▶ TASK DIRECTIONS
Go through the data below and return each line where the string "radius" appears.

▶ DATA SECTION
::::

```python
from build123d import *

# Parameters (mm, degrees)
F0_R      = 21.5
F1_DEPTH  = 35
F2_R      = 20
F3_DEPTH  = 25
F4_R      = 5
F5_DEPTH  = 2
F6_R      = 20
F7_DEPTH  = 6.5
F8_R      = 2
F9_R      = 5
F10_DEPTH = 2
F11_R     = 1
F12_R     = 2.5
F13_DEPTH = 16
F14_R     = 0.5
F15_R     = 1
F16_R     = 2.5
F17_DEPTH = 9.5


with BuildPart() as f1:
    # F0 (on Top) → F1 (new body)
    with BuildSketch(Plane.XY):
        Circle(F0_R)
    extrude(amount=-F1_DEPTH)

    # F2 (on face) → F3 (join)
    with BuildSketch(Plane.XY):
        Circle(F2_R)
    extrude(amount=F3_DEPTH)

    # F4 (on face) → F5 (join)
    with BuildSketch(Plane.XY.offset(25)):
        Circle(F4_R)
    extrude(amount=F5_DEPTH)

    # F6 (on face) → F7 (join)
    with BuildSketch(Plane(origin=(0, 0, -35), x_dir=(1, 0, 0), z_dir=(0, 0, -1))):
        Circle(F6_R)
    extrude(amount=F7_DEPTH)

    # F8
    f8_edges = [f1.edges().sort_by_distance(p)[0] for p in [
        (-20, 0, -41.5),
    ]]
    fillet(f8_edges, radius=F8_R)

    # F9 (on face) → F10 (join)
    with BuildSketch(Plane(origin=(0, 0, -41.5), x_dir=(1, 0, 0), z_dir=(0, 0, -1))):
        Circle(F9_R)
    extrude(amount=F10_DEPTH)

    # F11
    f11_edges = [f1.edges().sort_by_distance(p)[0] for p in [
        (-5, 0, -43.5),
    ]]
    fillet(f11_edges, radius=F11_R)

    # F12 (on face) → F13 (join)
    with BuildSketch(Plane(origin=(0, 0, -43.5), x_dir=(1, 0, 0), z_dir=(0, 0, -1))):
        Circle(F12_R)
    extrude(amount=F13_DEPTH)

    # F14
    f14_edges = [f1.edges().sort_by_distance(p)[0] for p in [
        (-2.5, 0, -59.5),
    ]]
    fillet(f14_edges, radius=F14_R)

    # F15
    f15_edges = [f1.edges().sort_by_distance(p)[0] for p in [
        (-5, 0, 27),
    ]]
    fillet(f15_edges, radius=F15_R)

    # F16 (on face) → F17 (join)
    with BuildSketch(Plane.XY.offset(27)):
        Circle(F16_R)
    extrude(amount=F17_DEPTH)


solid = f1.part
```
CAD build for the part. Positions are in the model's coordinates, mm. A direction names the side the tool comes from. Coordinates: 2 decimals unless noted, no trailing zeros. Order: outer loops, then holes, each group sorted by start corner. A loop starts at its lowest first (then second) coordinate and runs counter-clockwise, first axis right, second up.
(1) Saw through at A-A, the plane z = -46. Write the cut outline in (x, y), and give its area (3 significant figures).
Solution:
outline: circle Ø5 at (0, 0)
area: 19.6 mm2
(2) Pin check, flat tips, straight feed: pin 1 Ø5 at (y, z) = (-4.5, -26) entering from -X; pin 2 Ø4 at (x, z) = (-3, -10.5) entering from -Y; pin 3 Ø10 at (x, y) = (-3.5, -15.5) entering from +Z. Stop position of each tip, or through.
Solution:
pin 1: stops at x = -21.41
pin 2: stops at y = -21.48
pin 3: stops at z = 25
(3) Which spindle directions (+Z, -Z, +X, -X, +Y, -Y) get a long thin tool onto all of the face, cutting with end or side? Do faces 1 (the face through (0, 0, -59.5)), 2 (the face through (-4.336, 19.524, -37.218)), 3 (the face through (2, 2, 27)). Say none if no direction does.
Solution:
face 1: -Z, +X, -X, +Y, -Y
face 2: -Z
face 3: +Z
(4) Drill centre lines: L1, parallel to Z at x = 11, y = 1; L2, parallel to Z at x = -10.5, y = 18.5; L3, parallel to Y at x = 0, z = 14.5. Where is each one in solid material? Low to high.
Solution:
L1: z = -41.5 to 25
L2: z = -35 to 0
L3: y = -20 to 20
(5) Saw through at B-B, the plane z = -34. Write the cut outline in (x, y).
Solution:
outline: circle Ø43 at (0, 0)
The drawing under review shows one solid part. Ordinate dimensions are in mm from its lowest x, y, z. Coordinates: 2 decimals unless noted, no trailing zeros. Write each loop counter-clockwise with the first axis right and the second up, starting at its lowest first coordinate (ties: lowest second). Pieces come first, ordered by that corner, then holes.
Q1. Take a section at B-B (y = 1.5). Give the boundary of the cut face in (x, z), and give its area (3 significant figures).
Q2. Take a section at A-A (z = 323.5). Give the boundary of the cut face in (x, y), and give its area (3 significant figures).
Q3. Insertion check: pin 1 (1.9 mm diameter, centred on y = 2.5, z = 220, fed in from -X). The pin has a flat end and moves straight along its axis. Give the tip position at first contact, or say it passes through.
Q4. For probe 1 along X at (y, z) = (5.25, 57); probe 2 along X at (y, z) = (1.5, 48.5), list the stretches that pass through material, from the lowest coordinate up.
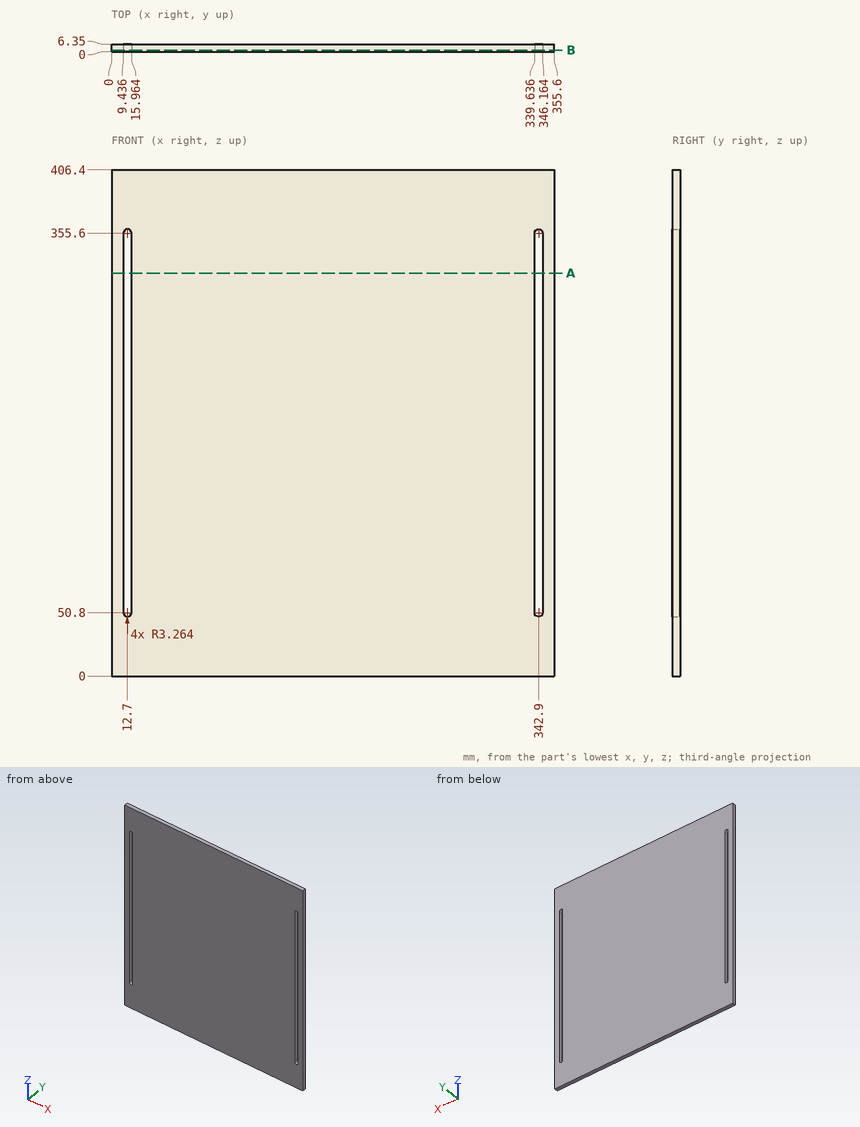
Response:
1. outline: (0, 0) - (355.6, 0) - (355.6, 406.4) - (0, 406.4) - close; hole (9.44, 50.8) arc R3.26 ccw to (15.96, 50.8) - (15.96, 355.6) arc R3.26 ccw to (9.44, 355.6) - close; hole (339.64, 50.8) arc R3.26 ccw to (346.16, 50.8) - (346.16, 355.6) arc R3.26 ccw to (339.64, 355.6) - close
1. area: 140,000 mm2
2. outline: (0, 0) - (9.44, 0) - (9.44, 6.35) - (0, 6.35) - close; (15.96, 0) - (339.64, 0) - (339.64, 6.35) - (15.96, 6.35) - close; (346.16, 0) - (355.6, 0) - (355.6, 6.35) - (346.16, 6.35) - close
2. area: 2,180 mm2
3. pin 1: stops at x = 0
4. probe 1: x = 0 to 9.44, 15.96 to 339.64, 346.16 to 355.6
4. probe 2: x = 0 to 10.38, 15.02 to 340.58, 345.22 to 355.6

::::

▶ WRITTEN SOLUTION
    fillet(f8_edges, radius=F8_R)
    fillet(f11_edges, radius=F11_R)
    fillet(f14_edges, radius=F14_R)
    fillet(f15_edges, radius=F15_R)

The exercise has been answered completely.